I already have a couple of ideas in mind for use in the shop but I'm interested in what ideas you may have.

The height range is 2 1/2" to 11 inches.

Suggestions?

Jeff


----------



## doug1980 (Mar 28, 2011)

Isn't that a board stretcher?  I think it's really cool, not sure what I would use it for, but I want one.


----------



## H. A. S. (Sep 23, 2010)

Put an indicator on it and use it for a height gauge. If it's sturdy enough to get repeat readings?


----------



## jschaben (Apr 1, 2010)

Would make for a nice router lift if ya need one.... lot cheaper too.:smile:


----------



## eccentrictinkerer (Feb 18, 2009)

I picked up a couple of these at a 3M auction.

Best thing in the world for replacing garbage disposers!

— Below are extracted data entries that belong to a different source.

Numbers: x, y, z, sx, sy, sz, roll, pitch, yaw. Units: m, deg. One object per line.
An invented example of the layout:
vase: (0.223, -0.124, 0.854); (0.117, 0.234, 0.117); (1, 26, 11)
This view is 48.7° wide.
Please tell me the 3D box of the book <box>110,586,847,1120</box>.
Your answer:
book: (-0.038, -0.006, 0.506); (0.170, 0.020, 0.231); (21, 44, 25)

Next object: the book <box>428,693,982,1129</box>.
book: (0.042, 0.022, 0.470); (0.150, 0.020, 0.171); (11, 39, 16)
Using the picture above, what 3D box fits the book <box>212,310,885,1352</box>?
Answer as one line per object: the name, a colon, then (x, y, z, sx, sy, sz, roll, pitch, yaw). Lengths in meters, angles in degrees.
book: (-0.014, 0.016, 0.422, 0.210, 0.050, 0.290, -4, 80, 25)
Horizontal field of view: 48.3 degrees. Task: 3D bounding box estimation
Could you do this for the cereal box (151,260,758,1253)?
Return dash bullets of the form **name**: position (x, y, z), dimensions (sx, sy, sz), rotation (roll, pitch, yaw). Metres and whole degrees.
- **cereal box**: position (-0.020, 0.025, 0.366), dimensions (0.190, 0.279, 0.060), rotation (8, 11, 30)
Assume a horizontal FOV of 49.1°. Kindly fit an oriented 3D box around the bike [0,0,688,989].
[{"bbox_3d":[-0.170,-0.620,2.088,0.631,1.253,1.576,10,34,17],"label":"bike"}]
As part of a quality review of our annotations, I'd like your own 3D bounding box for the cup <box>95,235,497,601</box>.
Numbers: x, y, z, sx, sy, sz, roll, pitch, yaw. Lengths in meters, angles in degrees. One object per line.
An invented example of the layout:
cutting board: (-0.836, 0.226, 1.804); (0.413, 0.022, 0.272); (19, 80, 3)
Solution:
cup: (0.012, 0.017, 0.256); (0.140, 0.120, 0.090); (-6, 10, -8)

I'm a handyman and use it 2-3 times a month. Saves wear and tear on the old arms.


----------



## Kenbo (Sep 16, 2008)

sometimes, you need an extra set of hands to hold a longer board level. This would work.


----------



## TS3660 (Mar 4, 2008)

Use it for a coffee cup lift so you don't have to reach down to your bench for your cup. :laughing:


----------



## Woodlvr (Feb 26, 2011)

I am jealous- I would use it to hold my pepsi can up so that when I reach for a tool it would not get knocked over. It would serve useful in holding up the ends of boards without full length support. Nice find.


----------



## fixrite (Dec 1, 2010)

If the unit would handle the weight, then you could use to help hold up cabinets when installing them above countertops. Of course you would need a block underneath it to get your minimum 16 inches. So two of those would be VERY VERY handy.


----------



## Locodcdude (Oct 24, 2010)

Cool. Probably outfeed like the rest of these guys are saying. It's not a fixed outfeed, could be used on the miter saw, then the planer, then this and that or the other thing. Pretty cool man.


----------



## DannyT (Apr 26, 2011)

Id use it as an adjustable base for my laser level.here is a link to a site that sells them. 58-83 dollars and come in either 100 or 200 pound capacity.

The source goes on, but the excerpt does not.